Entries taken from a collection:
#####
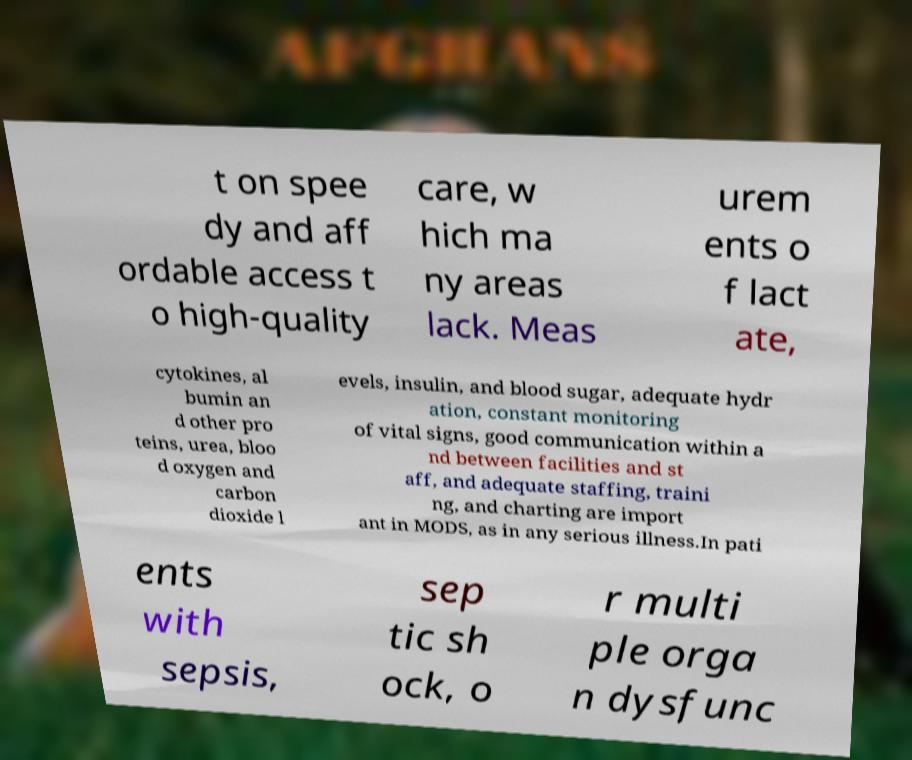There's text embedded in this image that I need extracted. Can you transcribe it verbatim? t on spee dy and aff ordable access t o high-quality care, w hich ma ny areas lack. Meas urem ents o f lact ate, cytokines, al bumin an d other pro teins, urea, bloo d oxygen and carbon dioxide l evels, insulin, and blood sugar, adequate hydr ation, constant monitoring of vital signs, good communication within a nd between facilities and st aff, and adequate staffing, traini ng, and charting are import ant in MODS, as in any serious illness.In pati ents with sepsis, sep tic sh ock, o r multi ple orga n dysfunc 
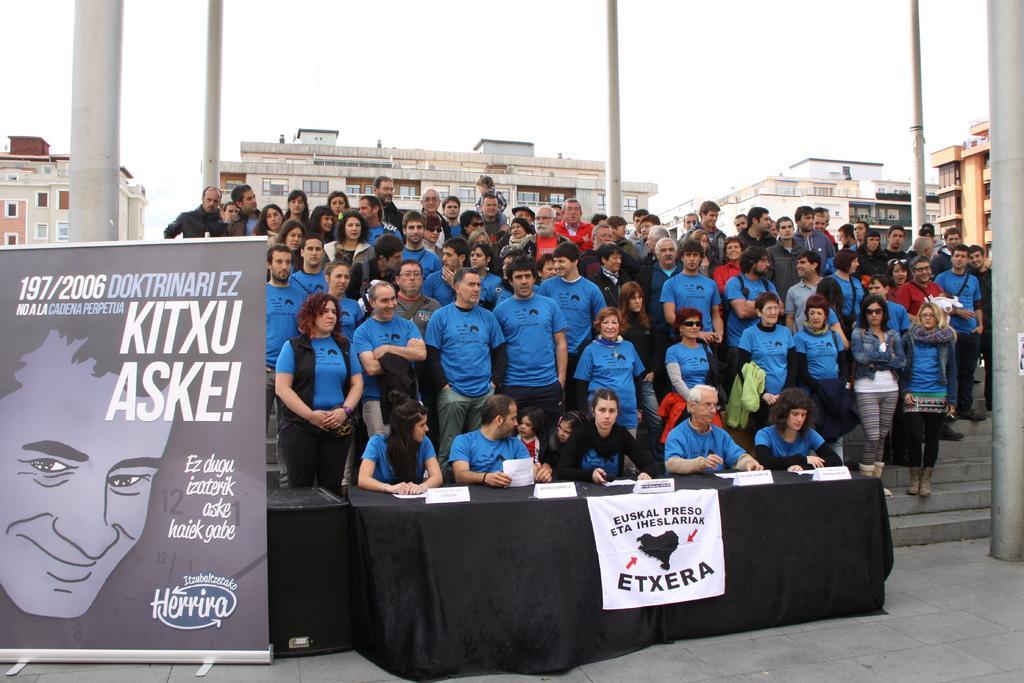Describe this image in one or two sentences. In this image we can see a few people, among them some people are standing on the stairs and some people are sitting on the chairs, in front of them, we can see a table covered with black color cloth, on the table, we can see some name boards and papers, we can see a poster with some text and image, in the background we can see a few buildings, poles and the sky. 
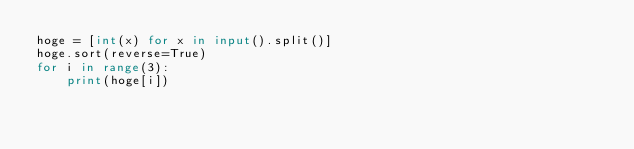<code> <loc_0><loc_0><loc_500><loc_500><_Python_>hoge = [int(x) for x in input().split()]
hoge.sort(reverse=True)
for i in range(3):
    print(hoge[i])</code> 
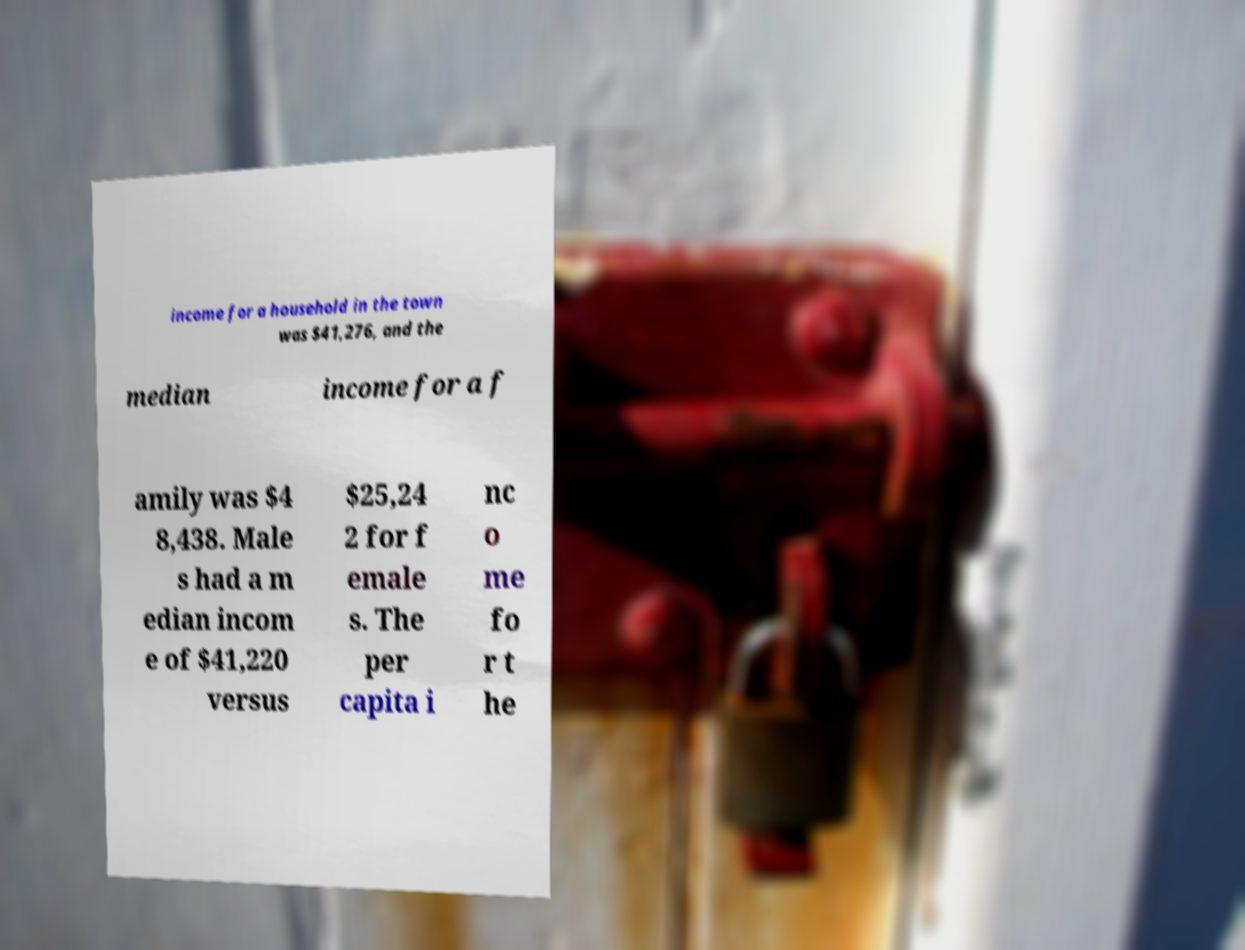Can you read and provide the text displayed in the image?This photo seems to have some interesting text. Can you extract and type it out for me? income for a household in the town was $41,276, and the median income for a f amily was $4 8,438. Male s had a m edian incom e of $41,220 versus $25,24 2 for f emale s. The per capita i nc o me fo r t he 
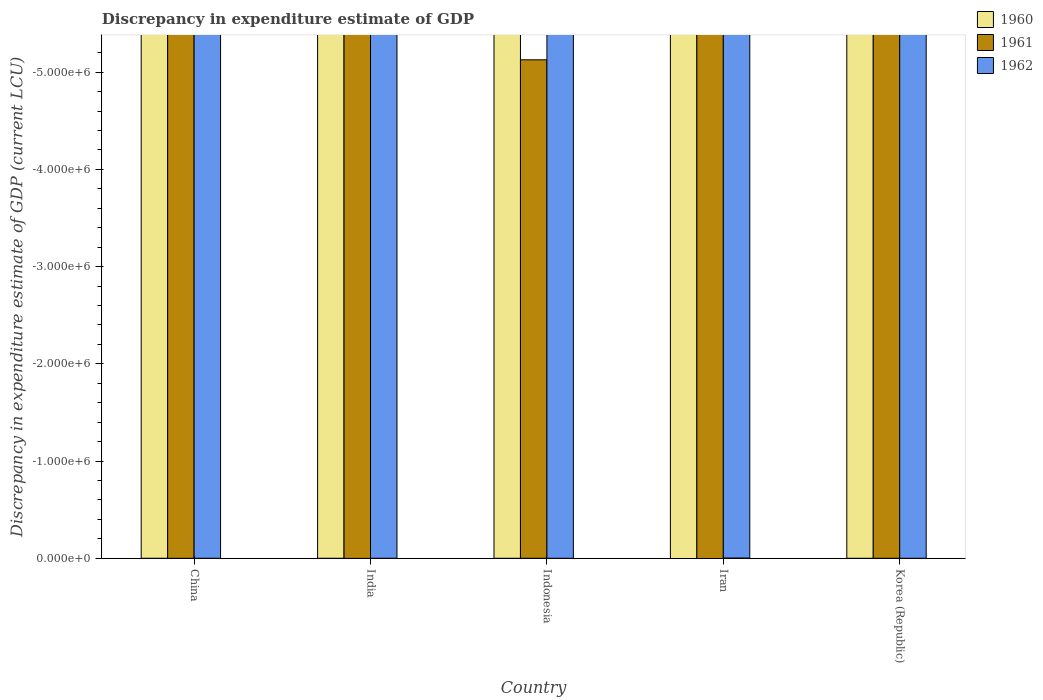How many different coloured bars are there?
Make the answer very short. 0. Are the number of bars per tick equal to the number of legend labels?
Offer a very short reply. No. Are the number of bars on each tick of the X-axis equal?
Your answer should be compact. Yes. How many bars are there on the 1st tick from the left?
Your answer should be compact. 0. What is the label of the 2nd group of bars from the left?
Keep it short and to the point. India. Across all countries, what is the minimum discrepancy in expenditure estimate of GDP in 1960?
Your answer should be compact. 0. What is the total discrepancy in expenditure estimate of GDP in 1962 in the graph?
Ensure brevity in your answer.  0. In how many countries, is the discrepancy in expenditure estimate of GDP in 1962 greater than the average discrepancy in expenditure estimate of GDP in 1962 taken over all countries?
Ensure brevity in your answer.  0. Is it the case that in every country, the sum of the discrepancy in expenditure estimate of GDP in 1962 and discrepancy in expenditure estimate of GDP in 1960 is greater than the discrepancy in expenditure estimate of GDP in 1961?
Keep it short and to the point. No. How many bars are there?
Make the answer very short. 0. Are all the bars in the graph horizontal?
Your answer should be compact. No. Does the graph contain any zero values?
Ensure brevity in your answer.  Yes. Where does the legend appear in the graph?
Your answer should be compact. Top right. What is the title of the graph?
Offer a terse response. Discrepancy in expenditure estimate of GDP. Does "1972" appear as one of the legend labels in the graph?
Your answer should be very brief. No. What is the label or title of the X-axis?
Your answer should be compact. Country. What is the label or title of the Y-axis?
Provide a succinct answer. Discrepancy in expenditure estimate of GDP (current LCU). What is the Discrepancy in expenditure estimate of GDP (current LCU) in 1962 in China?
Ensure brevity in your answer.  0. What is the Discrepancy in expenditure estimate of GDP (current LCU) of 1962 in India?
Offer a terse response. 0. What is the Discrepancy in expenditure estimate of GDP (current LCU) of 1961 in Indonesia?
Provide a short and direct response. 0. What is the Discrepancy in expenditure estimate of GDP (current LCU) of 1962 in Indonesia?
Offer a very short reply. 0. What is the Discrepancy in expenditure estimate of GDP (current LCU) of 1960 in Iran?
Keep it short and to the point. 0. What is the Discrepancy in expenditure estimate of GDP (current LCU) in 1962 in Iran?
Offer a very short reply. 0. What is the Discrepancy in expenditure estimate of GDP (current LCU) of 1961 in Korea (Republic)?
Your response must be concise. 0. What is the average Discrepancy in expenditure estimate of GDP (current LCU) of 1961 per country?
Give a very brief answer. 0. What is the average Discrepancy in expenditure estimate of GDP (current LCU) of 1962 per country?
Your answer should be compact. 0. 
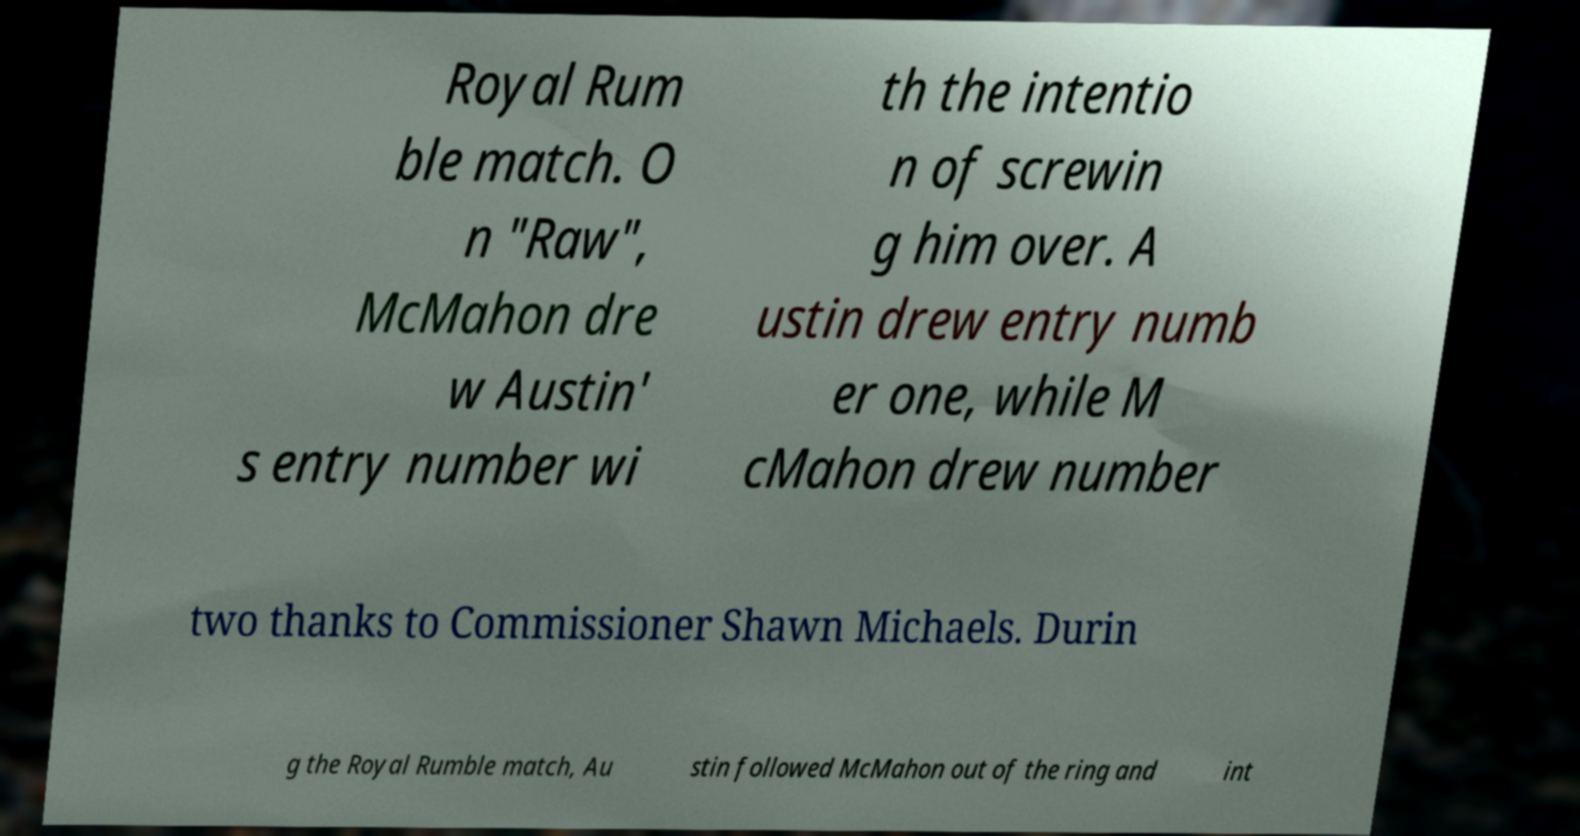Could you extract and type out the text from this image? Royal Rum ble match. O n "Raw", McMahon dre w Austin' s entry number wi th the intentio n of screwin g him over. A ustin drew entry numb er one, while M cMahon drew number two thanks to Commissioner Shawn Michaels. Durin g the Royal Rumble match, Au stin followed McMahon out of the ring and int 
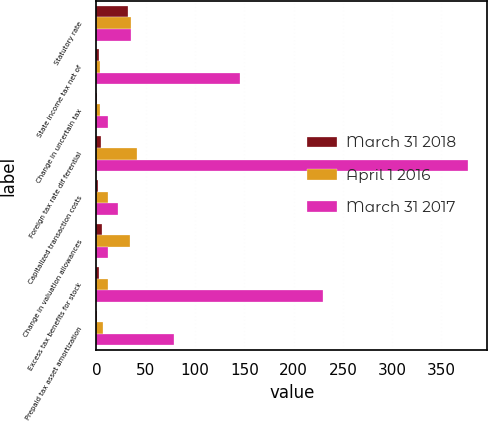Convert chart to OTSL. <chart><loc_0><loc_0><loc_500><loc_500><stacked_bar_chart><ecel><fcel>Statutory rate<fcel>State income tax net of<fcel>Change in uncertain tax<fcel>Foreign tax rate dif ferential<fcel>Capitalized transaction costs<fcel>Change in valuation allowances<fcel>Excess tax benefits for stock<fcel>Prepaid tax asset amortization<nl><fcel>March 31 2018<fcel>31.5<fcel>2.5<fcel>0.1<fcel>4.5<fcel>1.1<fcel>6<fcel>2.3<fcel>0.3<nl><fcel>April 1 2016<fcel>35<fcel>4<fcel>3.4<fcel>41.1<fcel>12.1<fcel>34.3<fcel>11.3<fcel>7.1<nl><fcel>March 31 2017<fcel>35<fcel>145.7<fcel>11.7<fcel>377.4<fcel>22.3<fcel>11.7<fcel>230<fcel>78.8<nl></chart>
#####
» **Problem description**: Where a line in the entries holds "current", copy that line.

» **Problem solution**:
Provide a succinct answer. Discrepancy in expenditure estimate of GDP (current LCU). What is the Discrepancy in expenditure estimate of GDP (current LCU) in 1962 in China?
Ensure brevity in your answer.  0. What is the Discrepancy in expenditure estimate of GDP (current LCU) of 1962 in India?
Offer a terse response. 0. What is the Discrepancy in expenditure estimate of GDP (current LCU) of 1961 in Indonesia?
Provide a short and direct response. 0. What is the Discrepancy in expenditure estimate of GDP (current LCU) of 1962 in Indonesia?
Offer a very short reply. 0. What is the Discrepancy in expenditure estimate of GDP (current LCU) of 1960 in Iran?
Keep it short and to the point. 0. What is the Discrepancy in expenditure estimate of GDP (current LCU) in 1962 in Iran?
Offer a very short reply. 0. What is the Discrepancy in expenditure estimate of GDP (current LCU) of 1961 in Korea (Republic)?
Your response must be concise. 0. What is the average Discrepancy in expenditure estimate of GDP (current LCU) of 1961 per country?
Give a very brief answer. 0. What is the average Discrepancy in expenditure estimate of GDP (current LCU) of 1962 per country?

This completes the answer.